--- START ---

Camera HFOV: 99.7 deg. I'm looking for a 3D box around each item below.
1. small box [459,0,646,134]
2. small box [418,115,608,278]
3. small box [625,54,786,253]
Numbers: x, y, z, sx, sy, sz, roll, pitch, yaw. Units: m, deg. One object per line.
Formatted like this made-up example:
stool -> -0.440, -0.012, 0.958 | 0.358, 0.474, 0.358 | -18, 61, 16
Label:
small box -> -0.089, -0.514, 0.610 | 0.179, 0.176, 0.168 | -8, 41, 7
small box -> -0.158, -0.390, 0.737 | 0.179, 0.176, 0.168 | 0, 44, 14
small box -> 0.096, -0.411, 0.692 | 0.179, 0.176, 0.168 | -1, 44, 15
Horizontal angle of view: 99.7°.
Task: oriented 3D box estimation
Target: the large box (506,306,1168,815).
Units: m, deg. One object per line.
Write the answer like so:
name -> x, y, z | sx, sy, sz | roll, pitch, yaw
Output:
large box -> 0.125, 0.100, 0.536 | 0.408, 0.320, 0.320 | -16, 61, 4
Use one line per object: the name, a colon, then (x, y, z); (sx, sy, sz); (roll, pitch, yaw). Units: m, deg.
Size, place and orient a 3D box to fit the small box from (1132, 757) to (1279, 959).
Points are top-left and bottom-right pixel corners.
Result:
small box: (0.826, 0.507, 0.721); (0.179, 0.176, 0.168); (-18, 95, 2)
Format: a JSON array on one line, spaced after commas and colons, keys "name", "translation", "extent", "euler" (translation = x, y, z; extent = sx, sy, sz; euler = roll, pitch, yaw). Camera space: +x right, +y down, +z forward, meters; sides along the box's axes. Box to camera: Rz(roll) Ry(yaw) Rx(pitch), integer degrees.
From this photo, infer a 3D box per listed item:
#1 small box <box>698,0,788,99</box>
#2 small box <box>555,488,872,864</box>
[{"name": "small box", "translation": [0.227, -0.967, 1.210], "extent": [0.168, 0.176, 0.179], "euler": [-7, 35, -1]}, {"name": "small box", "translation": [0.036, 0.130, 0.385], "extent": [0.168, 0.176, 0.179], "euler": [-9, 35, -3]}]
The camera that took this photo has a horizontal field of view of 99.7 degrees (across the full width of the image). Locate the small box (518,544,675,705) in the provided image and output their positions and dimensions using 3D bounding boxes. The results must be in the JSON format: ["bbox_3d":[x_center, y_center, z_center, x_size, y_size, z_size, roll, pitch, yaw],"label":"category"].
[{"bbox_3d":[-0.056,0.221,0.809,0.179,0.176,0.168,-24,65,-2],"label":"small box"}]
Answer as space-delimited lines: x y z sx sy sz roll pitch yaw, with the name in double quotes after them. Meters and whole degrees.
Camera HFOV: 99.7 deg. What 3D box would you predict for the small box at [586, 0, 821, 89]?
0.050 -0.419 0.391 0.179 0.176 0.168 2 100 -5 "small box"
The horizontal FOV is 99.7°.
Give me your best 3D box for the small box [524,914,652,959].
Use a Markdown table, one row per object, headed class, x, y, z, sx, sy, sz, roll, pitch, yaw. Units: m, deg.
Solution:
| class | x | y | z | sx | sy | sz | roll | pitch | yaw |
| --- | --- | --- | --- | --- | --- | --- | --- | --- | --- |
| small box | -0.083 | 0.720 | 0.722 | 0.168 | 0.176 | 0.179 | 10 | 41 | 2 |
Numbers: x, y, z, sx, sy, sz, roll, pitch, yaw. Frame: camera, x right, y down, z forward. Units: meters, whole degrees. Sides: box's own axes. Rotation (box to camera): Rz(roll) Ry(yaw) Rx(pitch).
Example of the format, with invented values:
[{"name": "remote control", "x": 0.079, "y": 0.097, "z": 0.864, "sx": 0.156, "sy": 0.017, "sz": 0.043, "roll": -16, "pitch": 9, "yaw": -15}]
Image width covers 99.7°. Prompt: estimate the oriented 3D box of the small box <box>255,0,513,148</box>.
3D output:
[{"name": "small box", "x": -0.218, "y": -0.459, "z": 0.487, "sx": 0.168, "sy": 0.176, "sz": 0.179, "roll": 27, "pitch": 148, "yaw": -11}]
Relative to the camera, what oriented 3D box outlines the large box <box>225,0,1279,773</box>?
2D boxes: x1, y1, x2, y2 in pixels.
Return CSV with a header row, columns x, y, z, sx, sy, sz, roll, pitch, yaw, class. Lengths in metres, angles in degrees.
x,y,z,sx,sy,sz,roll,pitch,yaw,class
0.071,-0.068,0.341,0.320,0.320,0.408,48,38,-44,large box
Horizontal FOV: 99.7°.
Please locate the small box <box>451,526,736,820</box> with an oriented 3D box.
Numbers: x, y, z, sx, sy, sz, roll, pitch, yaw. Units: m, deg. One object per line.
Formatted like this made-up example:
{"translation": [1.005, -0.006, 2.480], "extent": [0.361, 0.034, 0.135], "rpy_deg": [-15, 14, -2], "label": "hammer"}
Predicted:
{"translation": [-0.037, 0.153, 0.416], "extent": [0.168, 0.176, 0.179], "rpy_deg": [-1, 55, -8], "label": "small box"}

--- END ---

-- EXERCISE DETAILS --
Lines in the listing above that hold the string "right" need counting. Please reply with the total only.

-- RESPONSE TO THE EXERCISE --
3